# Your Opinion please on adding RCS to a CRS tank



## RolyMo (7 Nov 2013)

Hello
I did a spot check on my fish tank today and in particular the internal Juwel filter. The reason I check the filter is because I normally find a cherry shrimp in there.

To my surprise I found 2 quite small Cherry Shrimp in the filter. So I am guess someone has been a bit busy!!! 

I don't normally see the RCS in the fish tank. I introduced them to the fish tank many many months ago and never saw them again, apart from one occasionally in the filter once a month.

So the questions are:-

Can I add the RCS to my CRS tank which is RO. The two breeds wont conflict or mate? Clearly I would drip acclimatise
Should I take the RCS away from the fish tank as clearly their lives are in the shadows away from the fish, is that a life?
Do you think it will distract? - i.e. a shrimp tank dedicated to CRS, then having some RCS in there would it look aesthetically pleasing?
 
Cheers in advance for any advice.

Roly


----------



## kirk (7 Nov 2013)

Good question roly. I shall await an expert answer. I have cherries and rilis and fish. I'm planning to get rid of some of my fish to accommodate some beautiful crs. I can't see me managing to catch every cherry before I go crs cbs so theyl have to stay. Your shrimp shouldn't be hiding unless you have mouths around the tank that theyl Fit into. Ours are always out and about even the babies don't hide from the fish.


----------



## Michael W (7 Nov 2013)

You can mix the two without worrying about them mating because CRS is Cardinia and RCS is Neocardina or fighting and RCS are hard to kill so you need not worry about the use of RO water. You can take the RCS away from the fish tank if you yourself feel bad about leaving them to their own and risking being eaten by fish. But if they have survived since your introduction from months ago maybe they're able to find hiding places and food to live peacefully.

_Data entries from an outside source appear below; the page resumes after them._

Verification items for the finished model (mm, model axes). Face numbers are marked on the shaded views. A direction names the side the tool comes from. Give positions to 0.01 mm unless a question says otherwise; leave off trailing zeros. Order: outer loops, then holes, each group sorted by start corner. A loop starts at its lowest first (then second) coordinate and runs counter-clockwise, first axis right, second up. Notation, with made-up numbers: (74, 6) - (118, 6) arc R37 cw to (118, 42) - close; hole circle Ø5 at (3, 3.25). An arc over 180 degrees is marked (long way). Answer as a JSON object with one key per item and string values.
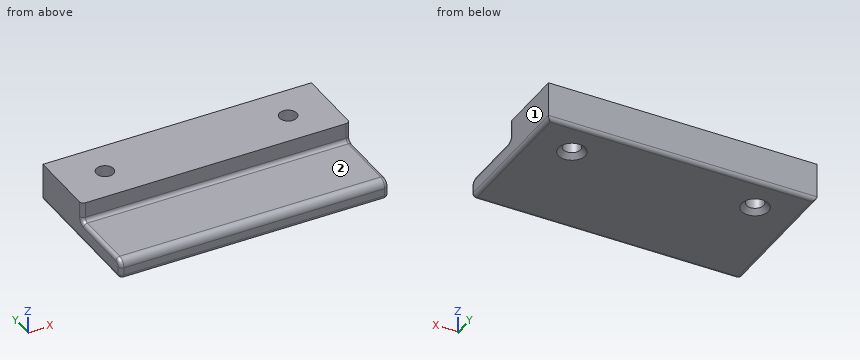
```python
from build123d import *

# Parameters (mm, degrees)
F0_W           = 70
F0_H           = 18.5
F1_DEPTH       = 10
F2_DEPTH       = 5
F3_R           = 2
F4_R           = 1
F5_D           = 4.5
F5_CSINK_D     = 7
F5_CSINK_ANGLE = 90


with BuildPart() as f1:
    # F0 (on Top) → F1 (new body)
    with BuildSketch(Plane.XY):
        with Locations((15.0051557424, 0)):
            Rectangle(F0_W, F0_H)
    extrude(amount=F1_DEPTH)

    # F0 (on Top) → F2 (join)
    with BuildSketch(Plane.XY):
        with Locations((15.0051557424, -18.5)):
            Rectangle(F0_W, F0_H)
    extrude(amount=F2_DEPTH)

    # F3
    f3_edges = [f1.edges().sort_by_distance(p)[0] for p in [
        (15.005156, -27.75, 5),
    ]]
    fillet(f3_edges, radius=F3_R)

    # F4
    f4_edges = [f1.edges().sort_by_distance(p)[0] for p in [
        (50.005156, -17.5, 5),
        (-19.994844, -17.5, 5),
        (50.005156, -9.25, 0),
        (15.005156, -27.75, 0),
        (-19.994844, -9.25, 0),
        (15.005156, 9.25, 0),
        (15.005156, -9.25, 5),
        (-19.994844, -27.164214, 4.414214),
        (-19.994844, -9.25, 7.5),
        (50.005156, -27.164214, 4.414214),
        (50.005156, -9.25, 7.5),
    ]]
    fillet(f4_edges, radius=F4_R)

    # F5 (through all)
    with Locations(Plane(origin=(0, 0, 0), x_dir=(1, 0, 0), z_dir=(0, 0, -1))):
        with Locations((-8.8698442576, 0), (38.8801557424, 0)):
            CounterSinkHole(F5_D / 2, F5_CSINK_D / 2, counter_sink_angle=F5_CSINK_ANGLE)


solid = f1.part
```
(1) Material ranges on line 1 along X through (y, z) = (0.5, 6.75); line 2 along Z through (x, y) = (36, -13.5); line 3 along Y through (x, z) = (-7.5, 8), recorded low to high. Write a range as [from, to].
Computed values:
{"line 1": "x = [-19.99, -11.06], [-6.68, 36.69], [41.07, 50.01]", "line 2": "z = [0, 5]", "line 3": "y = [-9.25, -1.78], [1.78, 9.25]"}
(2) Section check A-A (y = 0). Record the cut outline in (x, z).
Computed values:
{"outline": "(-19.99, 1) arc R1 ccw to (-18.99, 0) - (-12.37, 0) - (-11.12, 1.25) - (-11.12, 10) - (-19.99, 10) - close; (-6.62, 1.25) - (-5.37, 0) - (35.38, 0) - (36.63, 1.25) - (36.63, 10) - (-6.62, 10) - close; (41.13, 1.25) - (42.38, 0) - (49.01, 0) arc R1 ccw to (50.01, 1) - (50.01, 10) - (41.13, 10) - close"}
(3) Gauge pin test, flat ends, axial feed: pin 1 Ø12.5 at (x, y) = (31.5, -16.5) entering from +Z; pin 2 Ø4.5 at (x, z) = (19, 7) entering from -Y; pin 3 Ø2 at (y, z) = (-11.5, 8) entering from +X; pin 4 Ø5 at (x, z) = (16, 7) entering from -Y. Record the tip position at first contact, or that the pin passes through.
Computed values:
{"pin 1": "stops at z = 5", "pin 2": "stops at y = -26.72", "pin 3": "passes through", "pin 4": "stops at y = -27.07"}
(4) Section check C-C (z = 6.75). Record the cut outline in (x, y), then the cut area to 3 significant figures.
Computed values:
{"outline": "(-19.99, -8.25) arc R1 ccw to (-18.99, -9.25) - (49.01, -9.25) arc R1 ccw to (50.01, -8.25) - (50.01, 9.25) - (-19.99, 9.25) - close; hole circle Ø4.5 at (-8.87, 0); hole circle Ø4.5 at (38.88, 0)", "area": "1,260 mm²"}
(5) Section check D-D (y = -11). Record the cut outline in (x, z).
Computed values:
{"outline": "(-19.99, 1) arc R1 ccw to (-18.99, 0) - (49.01, 0) arc R1 ccw to (50.01, 1) - (50.01, 4) arc R1 ccw to (49.01, 5) - (-18.99, 5) arc R1 ccw to (-19.99, 4) - close"}
(6) Section check B-B (x = -14.5). Record the cut outline in (y, z).
Computed values:
{"outline": "(-27.75, 1) arc R1 ccw to (-26.75, 0) - (8.25, 0) arc R1 ccw to (9.25, 1) - (9.25, 10) - (-9.25, 10) - (-9.25, 6) arc R1 cw to (-10.25, 5) - (-25.75, 5) arc R2 ccw to (-27.75, 3) - close"}
(7) Access from +Z, -Z, +X, -X, +Y, -Y to the whole of each face (thin tool, end or side, straight path). Record for the marked faces 1 and 2.
Computed values:
{"face 1": "+Z, -Z, +X, +Y, -Y", "face 2": "+Z, +X, -X, -Y"}

One problem which you may find with adding RCS is that they will compete for food with the CRS in the long term, due to their ability to multiply being easier than the CRS I feel that the Cherries could over run the tank which may pose a threat to the CRS population in the long run. People also often find that shrimps will less likely to breed in an over populated tank, this goes for both CRS and RCS so if you have success in breeding both species you may have to find that you will have to constantly re-home the shrimps to keep them breeding at a steady rate which can be a hassle.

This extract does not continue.